▸ Data extract:
________________

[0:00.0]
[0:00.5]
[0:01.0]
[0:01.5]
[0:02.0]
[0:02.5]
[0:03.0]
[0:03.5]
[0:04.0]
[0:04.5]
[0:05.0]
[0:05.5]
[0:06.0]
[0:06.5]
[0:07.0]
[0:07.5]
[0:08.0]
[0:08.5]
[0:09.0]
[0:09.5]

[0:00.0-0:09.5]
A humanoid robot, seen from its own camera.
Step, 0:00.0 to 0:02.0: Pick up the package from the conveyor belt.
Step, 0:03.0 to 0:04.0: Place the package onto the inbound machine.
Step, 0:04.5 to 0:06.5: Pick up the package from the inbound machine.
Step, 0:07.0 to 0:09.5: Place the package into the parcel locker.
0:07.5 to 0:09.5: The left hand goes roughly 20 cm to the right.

________________

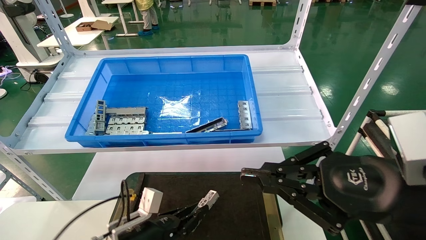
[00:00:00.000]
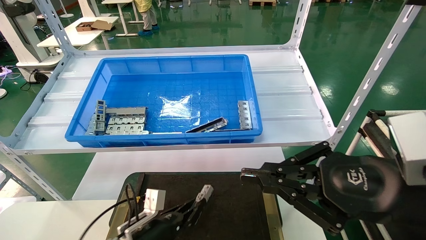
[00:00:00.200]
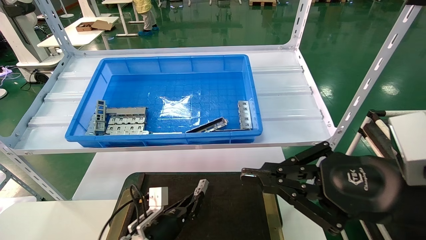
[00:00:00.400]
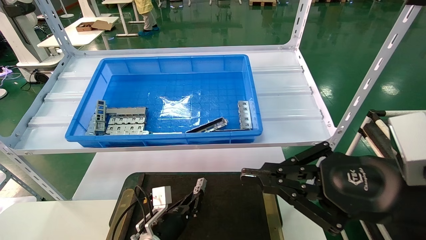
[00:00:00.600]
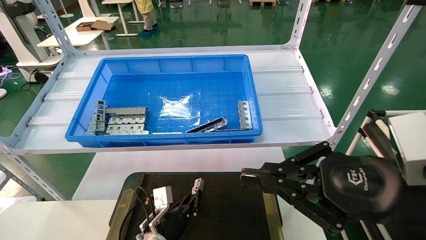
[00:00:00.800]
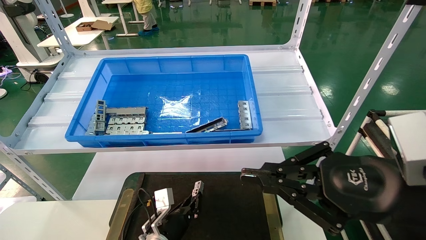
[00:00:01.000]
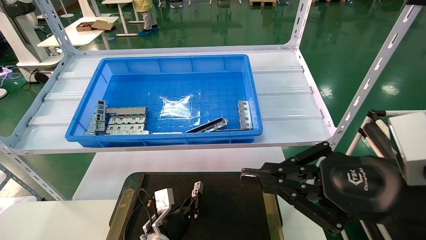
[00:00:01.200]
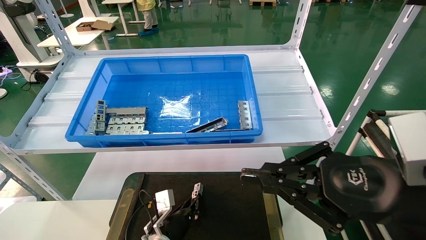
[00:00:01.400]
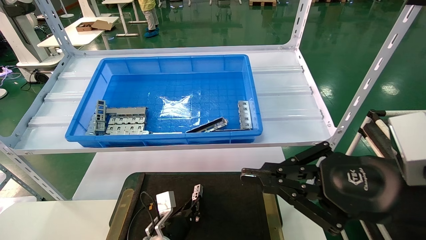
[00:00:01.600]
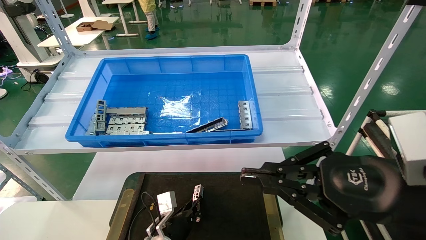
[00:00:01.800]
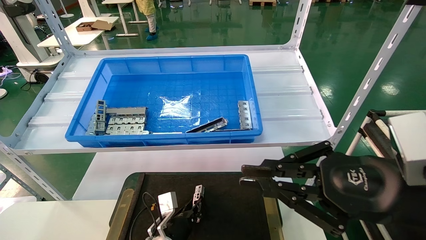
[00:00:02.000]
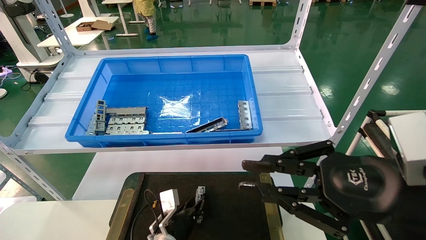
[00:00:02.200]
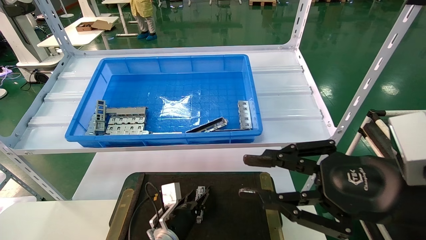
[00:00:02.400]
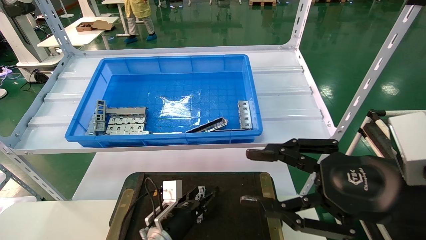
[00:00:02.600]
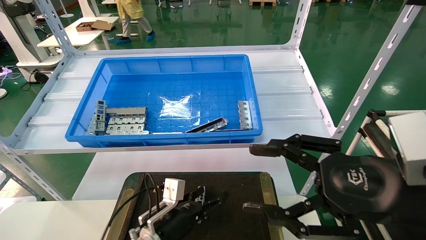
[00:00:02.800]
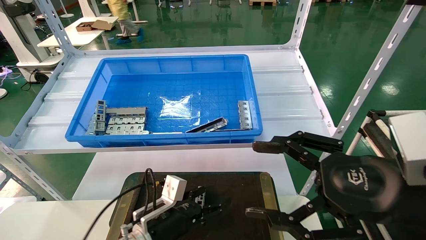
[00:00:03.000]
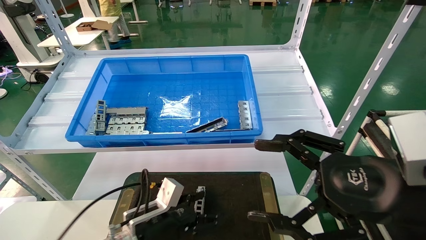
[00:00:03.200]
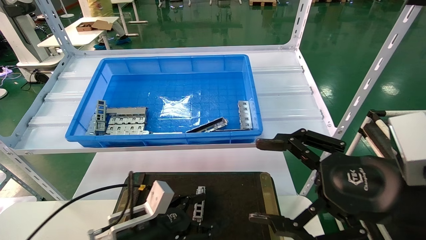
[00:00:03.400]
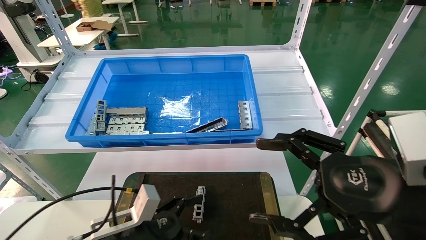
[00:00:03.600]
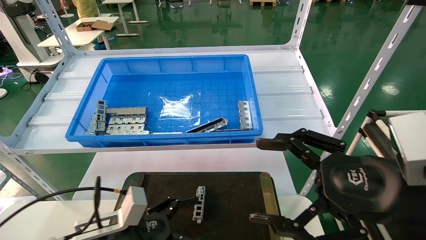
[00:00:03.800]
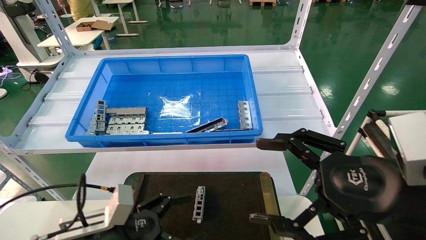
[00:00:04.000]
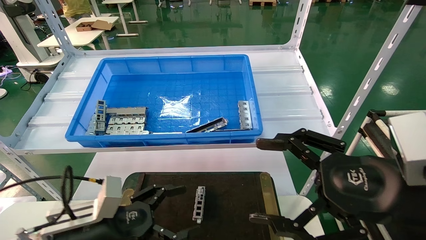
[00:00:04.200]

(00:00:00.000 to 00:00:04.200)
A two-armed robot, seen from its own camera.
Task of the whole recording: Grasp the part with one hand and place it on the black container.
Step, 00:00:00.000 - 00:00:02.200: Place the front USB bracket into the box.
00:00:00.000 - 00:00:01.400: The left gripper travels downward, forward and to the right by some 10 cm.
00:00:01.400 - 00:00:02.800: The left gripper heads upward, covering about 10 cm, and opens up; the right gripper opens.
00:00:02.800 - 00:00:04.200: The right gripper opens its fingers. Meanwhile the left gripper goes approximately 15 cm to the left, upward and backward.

________________

▸ What the task asks:
Go back to the lines above and output, exactly as they stand, the ones from the line containing "[00:00:03.600]" to the line containing "(00:00:00.000 to 00:00:04.200)". Leave all pictures behind.

▸ Task response:
[00:00:03.600]
[00:00:03.800]
[00:00:04.000]
[00:00:04.200]

(00:00:00.000 to 00:00:04.200)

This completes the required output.